Posts tagged “Shaun Spiers

Response from Shaun Spiers

Shaun Spiers, CPRE Chief ExecutiveMany thanks to everyone who has contributed to this debate, and especially to Ed Miliband.  We have had over 150 contributions to the blog, and it is clear that there is there is huge interest in how to achieve a sustainable, low carbon future without harming the countryside.

First, it is worth congratulating the Department of Energy and Climate Change (DECC) on an encouraging first year.  After years of energy and environmental policy being largely divorced, DECC under Ed Miliband’s leadership has firmly linked them – or at least the climate change aspects of environmental polcy.  This is a major achievement.  Some of the policies that have come out of DECC over the past year, particularly the draft Heat and Energy Saving Strategy, which contains good proposals for reducing energy demand and promoting energy conservation, have been very welcome.

No one should doubt the importance of tackling climate change.  CPRE’s 2026 Vision for the countryside makes clear that we take the issue very seriously indeed.  But climate change is not the only environmental issue.  Many people are also rightly concerned, for instance, about the impact of energy policy on tranquillity, landscape and wildlife.  They are also want to know that decisions are taken in an open and democratic way.  It is therefore encouraging that the Renewable Energy Strategy gives a more prominent role to bottom up local planning, though of course much of the detail that will underpin planning decisions, including the new National Policy Statements, is still undecided.

Conflicting environmental goods

Perhaps part of the reason that wider environmental factors have not been connected to energy policy is that doing so exposes the conflicts that can exist between different environmental ‘goods’.  Taking one of the most controversial examples as an example, most people agree that wind power will have to play a role in an environmentally sustainable energy mix.  At the same time, most people see the value of landscapes that are undisturbed by industrial development.

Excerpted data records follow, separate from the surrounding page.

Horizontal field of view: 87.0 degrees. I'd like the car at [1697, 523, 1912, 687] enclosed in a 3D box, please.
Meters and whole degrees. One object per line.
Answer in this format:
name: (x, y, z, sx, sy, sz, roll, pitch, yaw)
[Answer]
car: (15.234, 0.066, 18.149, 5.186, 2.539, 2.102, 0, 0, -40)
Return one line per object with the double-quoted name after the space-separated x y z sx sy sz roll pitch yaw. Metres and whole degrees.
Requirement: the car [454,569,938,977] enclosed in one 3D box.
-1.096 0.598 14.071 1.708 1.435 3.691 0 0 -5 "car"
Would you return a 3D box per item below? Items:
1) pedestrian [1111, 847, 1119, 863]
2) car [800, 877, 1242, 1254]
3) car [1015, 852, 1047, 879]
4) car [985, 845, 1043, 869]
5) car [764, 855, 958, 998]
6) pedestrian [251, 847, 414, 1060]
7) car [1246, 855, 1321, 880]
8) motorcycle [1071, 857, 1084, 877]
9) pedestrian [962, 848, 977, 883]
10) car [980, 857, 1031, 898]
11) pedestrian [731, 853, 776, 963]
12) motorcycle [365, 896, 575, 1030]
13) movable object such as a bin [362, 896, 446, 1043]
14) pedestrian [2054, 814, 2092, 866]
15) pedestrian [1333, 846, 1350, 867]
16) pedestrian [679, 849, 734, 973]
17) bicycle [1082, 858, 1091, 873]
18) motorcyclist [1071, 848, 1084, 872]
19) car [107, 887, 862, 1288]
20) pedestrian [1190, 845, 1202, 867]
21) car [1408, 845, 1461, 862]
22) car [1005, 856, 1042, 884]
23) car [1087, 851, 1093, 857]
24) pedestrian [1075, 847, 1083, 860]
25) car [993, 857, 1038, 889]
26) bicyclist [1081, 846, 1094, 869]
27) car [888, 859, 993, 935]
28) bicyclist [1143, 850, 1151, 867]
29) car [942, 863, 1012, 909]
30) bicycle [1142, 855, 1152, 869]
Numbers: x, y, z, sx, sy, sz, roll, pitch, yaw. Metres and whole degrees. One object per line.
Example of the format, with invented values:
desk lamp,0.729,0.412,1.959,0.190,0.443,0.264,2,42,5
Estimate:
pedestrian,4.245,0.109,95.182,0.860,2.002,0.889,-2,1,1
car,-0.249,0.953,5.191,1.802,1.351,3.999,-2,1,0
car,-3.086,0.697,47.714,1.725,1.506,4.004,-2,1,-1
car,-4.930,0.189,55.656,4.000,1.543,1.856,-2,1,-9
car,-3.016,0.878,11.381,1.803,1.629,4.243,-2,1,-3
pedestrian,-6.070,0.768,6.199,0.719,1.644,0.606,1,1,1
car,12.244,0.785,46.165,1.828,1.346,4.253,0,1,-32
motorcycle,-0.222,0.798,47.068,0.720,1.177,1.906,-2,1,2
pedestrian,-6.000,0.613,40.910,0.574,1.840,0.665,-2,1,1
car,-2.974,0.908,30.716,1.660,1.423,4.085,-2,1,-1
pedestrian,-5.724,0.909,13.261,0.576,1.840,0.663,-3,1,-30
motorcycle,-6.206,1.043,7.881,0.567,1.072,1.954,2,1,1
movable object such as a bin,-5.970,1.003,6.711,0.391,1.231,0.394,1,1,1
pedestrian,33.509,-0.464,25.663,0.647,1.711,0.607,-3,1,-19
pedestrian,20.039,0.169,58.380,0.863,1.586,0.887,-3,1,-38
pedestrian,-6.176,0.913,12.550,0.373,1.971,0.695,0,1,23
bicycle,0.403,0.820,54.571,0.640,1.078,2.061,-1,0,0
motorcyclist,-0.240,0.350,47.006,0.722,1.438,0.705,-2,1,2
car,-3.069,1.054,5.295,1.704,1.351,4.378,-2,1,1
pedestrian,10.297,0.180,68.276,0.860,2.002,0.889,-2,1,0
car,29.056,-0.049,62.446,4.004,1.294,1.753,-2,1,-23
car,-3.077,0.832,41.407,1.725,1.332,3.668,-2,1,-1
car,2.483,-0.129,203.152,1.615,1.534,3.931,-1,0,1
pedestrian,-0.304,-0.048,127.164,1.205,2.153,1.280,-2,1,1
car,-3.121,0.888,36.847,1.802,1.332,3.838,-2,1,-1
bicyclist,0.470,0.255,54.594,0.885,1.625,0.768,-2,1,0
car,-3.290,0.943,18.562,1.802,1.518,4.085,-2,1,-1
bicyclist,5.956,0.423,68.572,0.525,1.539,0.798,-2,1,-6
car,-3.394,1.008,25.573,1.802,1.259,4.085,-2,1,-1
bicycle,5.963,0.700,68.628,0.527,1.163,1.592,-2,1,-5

I was struck by a comment by Andy Boddington, which goes beyond the sterile debate of whether wind turbines are ugly or beautiful: “Wind farms can be beautiful – witness Bryn Titli just over the hill in Powys.  But they are a technological beauty, not the harmonious interplay between man and the landscape that is now known as ‘natural.  So they are out of order in the AONB.'”  Most CPRE members would agree that large-scale wind turbines are inappropriate in National Parks and AONBs, and will have been encouraged that Ed Miliband, without saying ‘never’, seems to agree.

What seems clear is that these conflicts are real and that they deserve to be recognised as genuinely motivated rather than being simply dismissed as ‘nimbyism’, a tedious and depressing insult.  It should also be recognised that while there nothing wrong with people trying to protect places they love – the country would be a much poorer place if no one was prepared to so – local people cannot be given a veto over any development.  That is why CPRE so strongly supports a planning system that can ensure that a range of arguments, whether from developers or local communities, are properly debated and that decisions are taken ultimately in the public interest, rather than any sectional interest.

Planning for a low carbon future

Planning is too often blamed for stopping wind farm development.  Of course, the planning system does stop some developments.  It would not be a very good system if it did not.  Some developments deserve to be stopped.  But as the ENDS Report, a highly reputable environmental journal has recently made clear, “enough onshore wind farms are receiving planning permission each year to meet the technology’s share of the UK’s 2020 renewable energy targets four years early”.  DECC has largely stopped bashing the planning system, and we look forward to a similar change of heart on the part of the developers.

More positively, we would welcome a greater recognition of the role that planning can play in enabling the behaviour change that is essential to tackling climate change.  One of the risks of not connecting wider environmental concerns with energy policy is that we focus too much on supply side measures.  What is needed is a fundamental rethinking of the way we use land in light of the urgent need to live within environmental limits, including CO2 limits.  I hope that CPRE can play its part in this by establishing a Commission to investigate how planning can contribute to this aim.

One area where the planning system is currently failing us, and where the Government does not seem very ‘joined-up’ is policy on opencast coal mining.  It really is not good enough for Ed Miliband to say: “My department doesn’t play a role in making the decisions on planning applications for new coal mining developments – that falls within the remit of the Department for Communities and Local Government.”  The Government as a whole has a duty to tackle climate change and pursue sustainable development, and the fact is that is that developers and local authorities know that the Secretary of State for Communities and Local Government is likely to approve applications for opencast coal mining on appeal, however damaging to local communities, our climate change targets and the wider environment.  It would be good to see DECC and Defra ministers objecting to this!

To conclude, we greatly welcome Ed Miliband’s contribution to this blog, and look forward to seeing his final response.  If we are to get public consent for the changes that will be necessary to tackle climate change, it is vital that people are listened to and that legitimate concerns about landscape and natural beauty are not belittled or dismissed.  Ed Miliband’s engagement with CPRE is an important indication of the Government’s willingness to debate these important issues in a serious and respectful way.